Now we can execute this query and save the results:

from amsdal_glue import Container, DataQueryOperation, DataCommand, InsertData, SchemaReference, Version
from amsdal_glue.interfaces import DataQueryService, DataCommandService

service = Container.services.get(DataQueryService)
summary_result = service.execute(DataQueryOperation(query=final_query))

print('Success:', summary_result.success)
print('Data (the first 5):', summary_result.data[:5])

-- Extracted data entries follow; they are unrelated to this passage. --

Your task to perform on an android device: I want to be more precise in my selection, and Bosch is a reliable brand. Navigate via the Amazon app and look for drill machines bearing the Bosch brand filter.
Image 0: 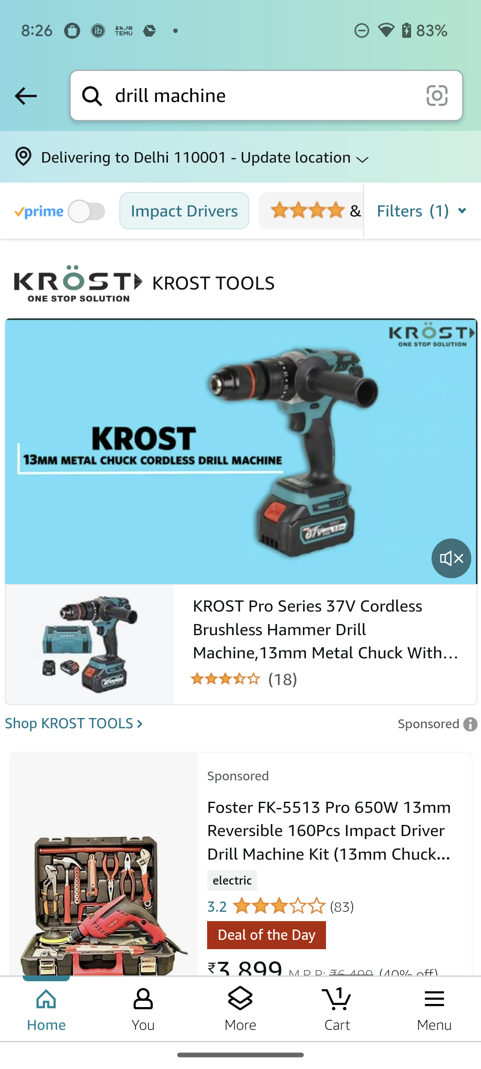
Click on the Filters at the top right corner of the screen
Step 0: click (478, 210)
Image 1: 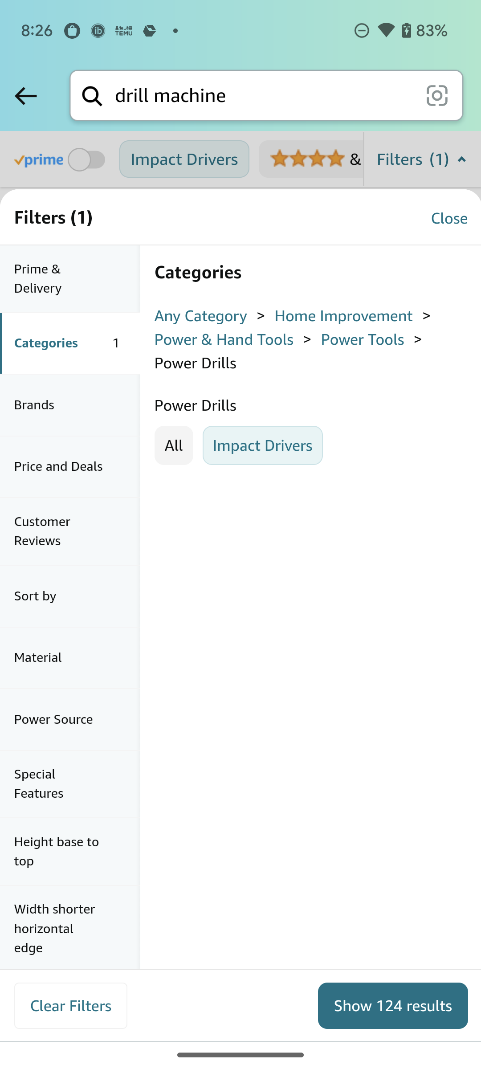
Click on Brands Filter
Step 1: click (70, 405)
Image 2: 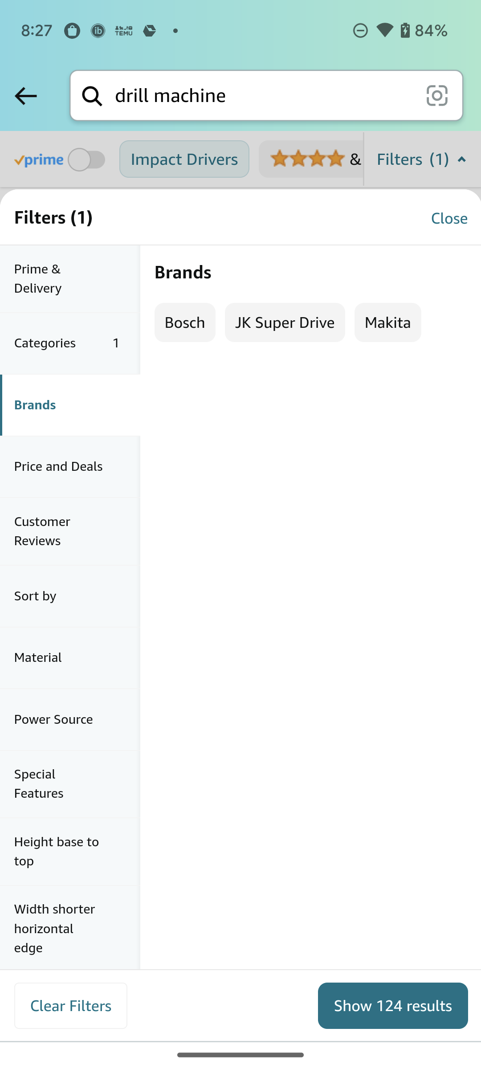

# Store results (we assume the destination table is already created)
service = Container.services.get(DataCommandService)
result = service.execute(
    DataCommand(
        mutations=[
            InsertData(
                schema=SchemaReference(name="summary", version=Version.LATEST),
                data=summary_result.data,
            ),
        ],
    ),
)

ETL in Python and SQL

AMSDAL Glue also supports SQL queries. Here is an example of how you can do this:

from amsdal_glue_sql_parser.parsers.base import SqlParserBase
from amsdal_glue_sql_parser.parsers.sqloxide_parser import SqlOxideParser
from amsdal_glue import Container, DataQueryOperation, DataCommand, InsertData, SchemaReference, Version
from amsdal_glue.interfaces import DataQueryService

# Register parser
Container.services.register(SqlParserBase, SqlOxideParser)

subquery = """
    SELECT 
        c.country_code, 
        c.country_population, 
        SUM(ci.Population) as city_population
    FROM countries as c
    LEFT JOIN cities as ci
        ON c.country_name = ci.Country
    GROUP BY c.country_code, c.country_population
"""
summary_sql = f"""
    SELECT
        c.country_code,
        c.city_population,
        c.country_population - c.city_population AS non_city_population
    FROM
        ({subquery}) c
"""

parser = Container.services.get(SqlParserBase)
service = Container.services.get(DataQueryService)
summary_result = service.execute(DataQueryOperation(query=parser.parse_sql(summary_sql)[0]))

print('Success:', summary_result.success)
print('Data (the first 5):', summary_result.data[:5])

Note, that AMSDAL Glue's default services, executors, and utils are designed to be easily extendable and customizable. It's still in active development to provide more features and integrations with other tools.